摘要
我们提出ARTrack,一种用于视觉目标跟踪的自回归框架。ARTrack将跟踪任务建模为坐标序列的解释问题,通过逐步估计目标轨迹,其中当前的估计结果由先前状态推导而来,同时又会影响后续的轨迹序列。这种时间自回归的建模方式能够有效捕捉轨迹在时序上的演化过程,从而在帧间持续追踪目标,显著优于仅关注单帧定位精度的传统模板匹配类跟踪器。ARTrack结构简洁直接,无需定制化的定位头或后处理步骤。
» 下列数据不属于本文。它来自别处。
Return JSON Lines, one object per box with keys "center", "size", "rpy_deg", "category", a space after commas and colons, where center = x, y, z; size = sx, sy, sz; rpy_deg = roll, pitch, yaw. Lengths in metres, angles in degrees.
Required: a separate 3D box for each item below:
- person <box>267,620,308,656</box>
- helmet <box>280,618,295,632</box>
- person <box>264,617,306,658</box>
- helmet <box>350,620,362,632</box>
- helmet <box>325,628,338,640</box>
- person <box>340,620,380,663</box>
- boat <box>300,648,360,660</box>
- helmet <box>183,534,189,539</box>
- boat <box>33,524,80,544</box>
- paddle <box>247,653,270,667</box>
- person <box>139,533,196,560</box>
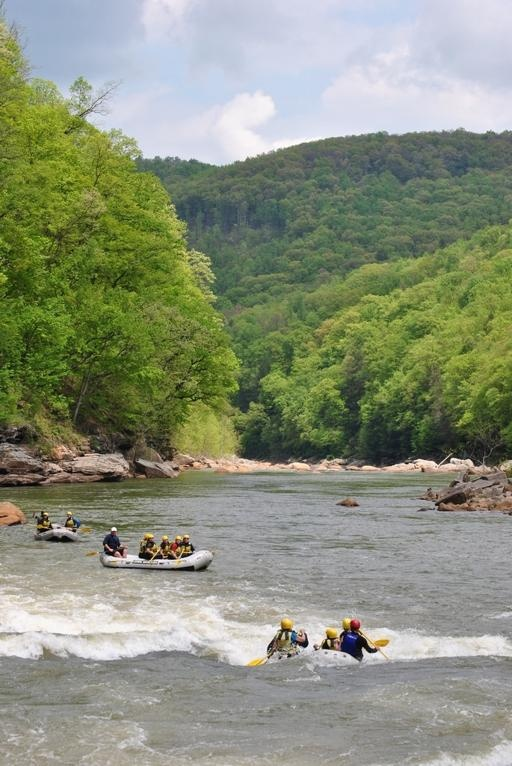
{"center": [0.597, 4.840, 23.914], "size": [0.605, 1.082, 0.411], "rpy_deg": [5, 0, 7], "category": "person"}
{"center": [0.586, 4.529, 23.685], "size": [0.233, 0.231, 0.299], "rpy_deg": [5, -9, 7], "category": "helmet"}
{"center": [0.557, 4.750, 23.613], "size": [1.069, 0.644, 0.392], "rpy_deg": [-1, 0, -44], "category": "person"}
{"center": [1.872, 4.500, 23.621], "size": [0.162, 0.217, 0.217], "rpy_deg": [8, 26, 5], "category": "helmet"}
{"center": [1.445, 4.698, 23.718], "size": [0.193, 0.221, 0.241], "rpy_deg": [4, 9, -9], "category": "helmet"}
{"center": [1.885, 4.773, 23.512], "size": [0.724, 0.664, 0.505], "rpy_deg": [-2, 0, 8], "category": "person"}
{"center": [1.372, 5.057, 23.460], "size": [1.132, 0.205, 0.332], "rpy_deg": [-2, 0, 27], "category": "boat"}
{"center": [-1.715, 3.894, 31.877], "size": [0.092, 0.116, 0.119], "rpy_deg": [5, -24, -7], "category": "helmet"}
{"center": [-5.522, 4.305, 35.509], "size": [1.220, 0.448, 0.449], "rpy_deg": [-1, 0, -12], "category": "boat"}
{"center": [0.021, 5.076, 23.107], "size": [0.368, 0.161, 0.617], "rpy_deg": [-2, -1, 18], "category": "paddle"}
{"center": [-2.204, 4.214, 31.950], "size": [0.847, 0.344, 0.826], "rpy_deg": [-7, -4, 31], "category": "person"}
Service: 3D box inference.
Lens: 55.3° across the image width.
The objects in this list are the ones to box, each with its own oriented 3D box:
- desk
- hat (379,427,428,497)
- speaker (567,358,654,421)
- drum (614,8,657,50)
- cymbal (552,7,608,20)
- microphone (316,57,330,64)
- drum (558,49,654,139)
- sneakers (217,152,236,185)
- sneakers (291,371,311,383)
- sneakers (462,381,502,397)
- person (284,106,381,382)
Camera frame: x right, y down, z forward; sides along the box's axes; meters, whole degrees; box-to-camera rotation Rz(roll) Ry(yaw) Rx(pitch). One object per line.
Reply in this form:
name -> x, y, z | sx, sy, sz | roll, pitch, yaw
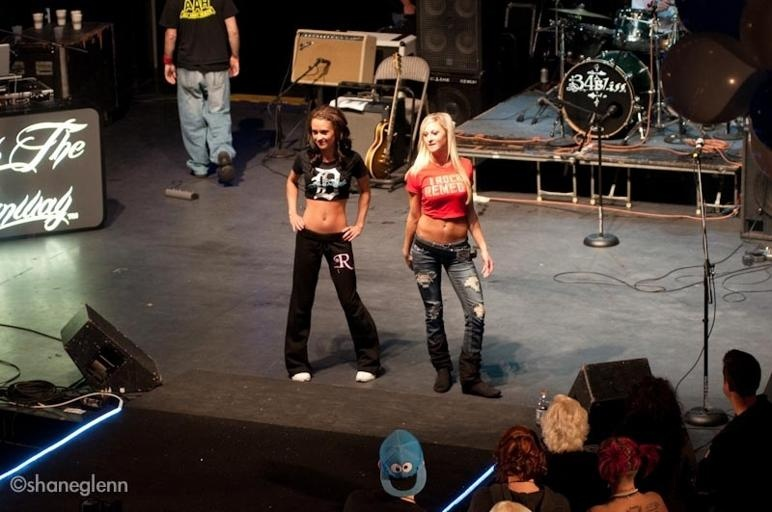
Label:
desk -> -5.666, -3.358, 12.949 | 1.065, 1.519, 1.715 | 12, 18, 25
hat -> 0.075, 1.084, 3.887 | 0.297, 0.328, 0.143 | -5, -28, 2
speaker -> 1.515, 0.843, 5.081 | 0.556, 0.411, 0.387 | -1, 21, -21
drum -> 3.671, -3.387, 11.106 | 0.748, 0.531, 0.691 | 3, 6, 0
cymbal -> 3.225, -3.897, 11.927 | 0.553, 0.098, 0.510 | -5, 19, -38
microphone -> -0.983, -3.073, 11.667 | 0.215, 0.103, 0.080 | 2, 17, -3
drum -> 3.011, -2.208, 10.184 | 1.217, 1.174, 0.871 | 7, 17, 11
sneakers -> -2.310, -1.243, 10.625 | 0.246, 0.501, 0.235 | -5, -27, -8
sneakers -> -0.718, 1.016, 6.201 | 0.152, 0.065, 0.047 | 1, 9, 3
sneakers -> 0.761, 1.069, 5.984 | 0.366, 0.107, 0.121 | -1, 4, 22
person -> -0.402, -0.095, 6.186 | 0.882, 2.281, 0.792 | 2, 18, -7
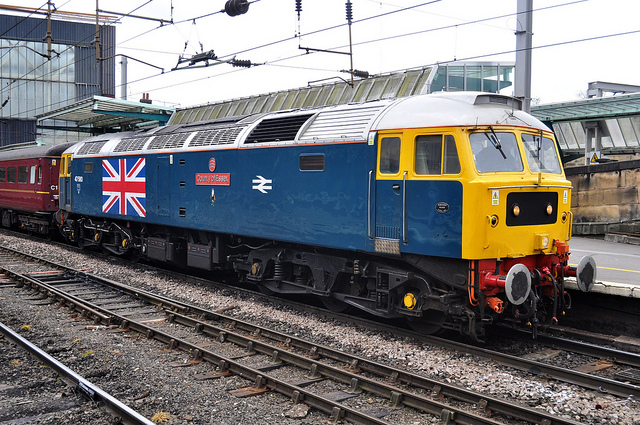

尽管架构简单,ARTrack在主流基准数据集上仍取得了当前最优的跟踪性能。
基准测试
| 基准 | 方法 | 指标 |
|---|---|---|
| video-object-tracking-on-nv-vot211 | ARTrack-L | AUC: 35.92 Precision: 51.64 |
| visual-object-tracking-on-got-10k | ARTrack-L | Average Overlap: 78.5 Success Rate 0.5: 87.4 Success Rate 0.75: 77.8 |
| visual-object-tracking-on-lasot | ARTrack-L | AUC: 73.1 Normalized Precision: 82.2 Precision: 80.3 |
| visual-object-tracking-on-lasot-ext | ARTrack-L | AUC: 52.8 Normalized Precision: 62.9 Precision: 59.7 |
| visual-object-tracking-on-tnl2k | ARTrack-L | AUC: 60.3 |
| visual-object-tracking-on-trackingnet | ARTrack-L | Accuracy: 85.6 Normalized Precision: 89.6 Precision: 86.0 |
| visual-object-tracking-on-uav123 | ARTrack-L | AUC: 0.712 |
| visual-tracking-on-tnl2k | ARTrack-L | AUC: 60.3 |